The strengths of the study include the rural setting and subject selection process, which resulted in a study population that is generally representative of this area of Cameroon and other regions of Africa. In addition, the cluster‐randomized design helped minimize treatment “contamination” between intervention and control participants, which can reduce the apparent effectiveness of an intervention (Torgerson, 2001).

CONCLUSION

In conclusion, these results suggest that daily consumption of micronutrient‐fortified IC enriched with 7.5 mg of iron as ferrous fumarate for 6 months improved hemoglobin and iron status and decreased the prevalence of anemia, iron deficiency, and iron deficiency anemia in children under 5 years of age in a malaria‐endemic setting, in which it is more difficult to demonstrate a positive effect due to the high infection rate.
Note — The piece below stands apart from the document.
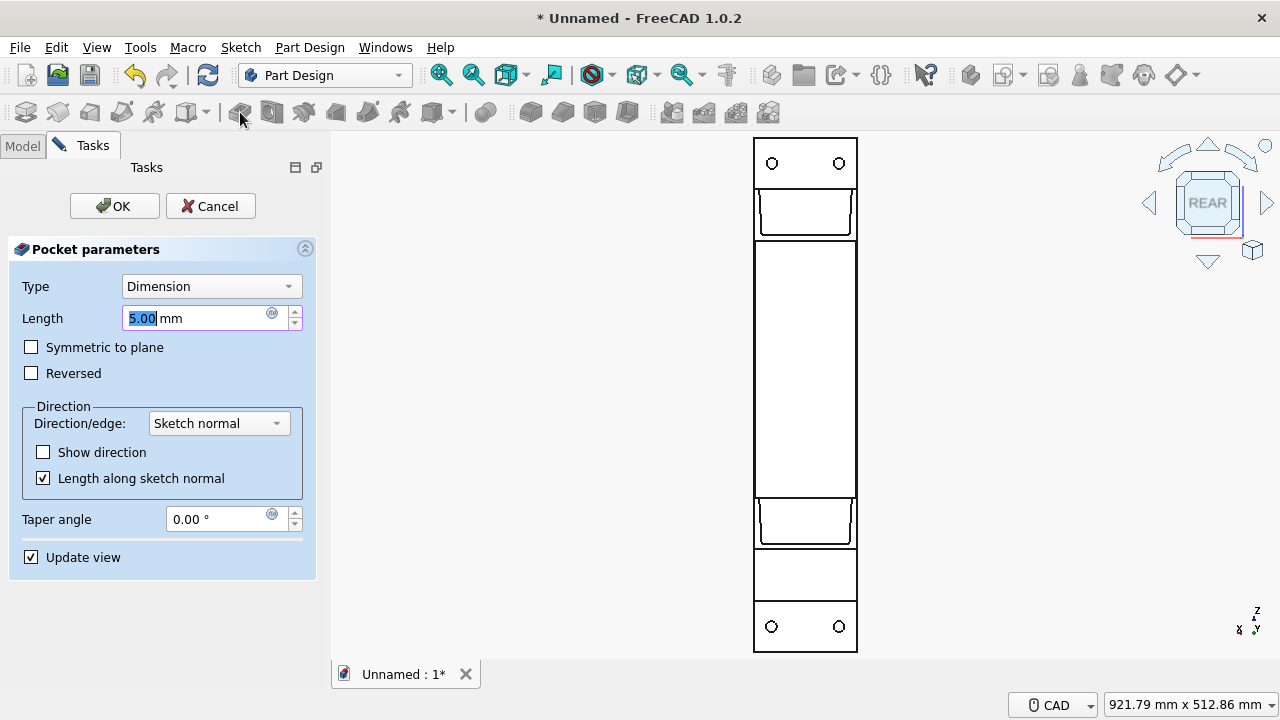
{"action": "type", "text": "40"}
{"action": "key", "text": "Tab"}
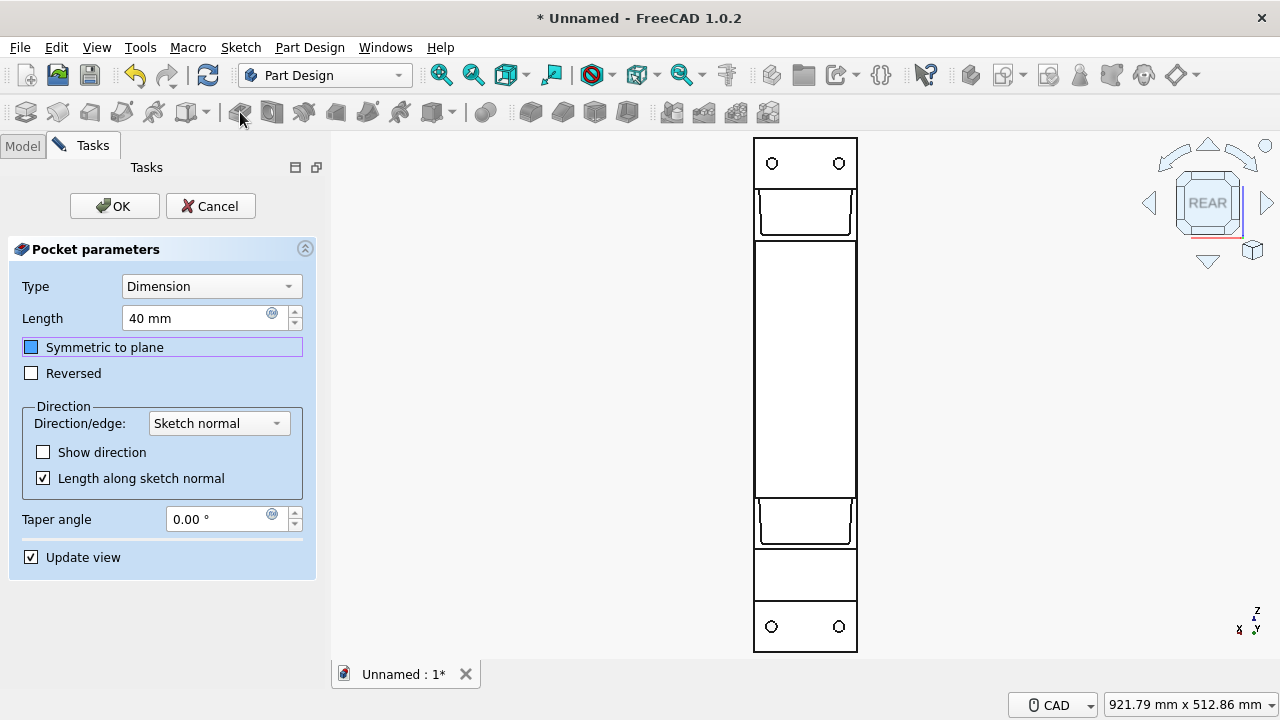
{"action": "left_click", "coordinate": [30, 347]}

In addition, the children receiving the iron‐fortified IC had improved growth parameters. Given that most households in this region consume wheat flour, a geographically expanded program of iron fortification of affordable cereals in association with other public health interventions, such as prevention of malaria and promotion of immunization, could help to prevent and correct iron deficiency anemia and improve nutritional status in the locality of Salapoumbé, and possibly throughout Cameroon and beyond.

CONFLICT OF INTEREST

NPH is employed by Société des Produits Nestlé SA. No other author has any conflict of interest to report.

ETHICAL APPROVAL

This study was approved by the Comité National d'Ethique et de la Recherche pour la Santé Humaine du Cameroun, and administrative authorization was received from the Cameroon Ministry of Public Health.

INFORMED CONSENT

Written informed consent was obtained from the parents of all study participants.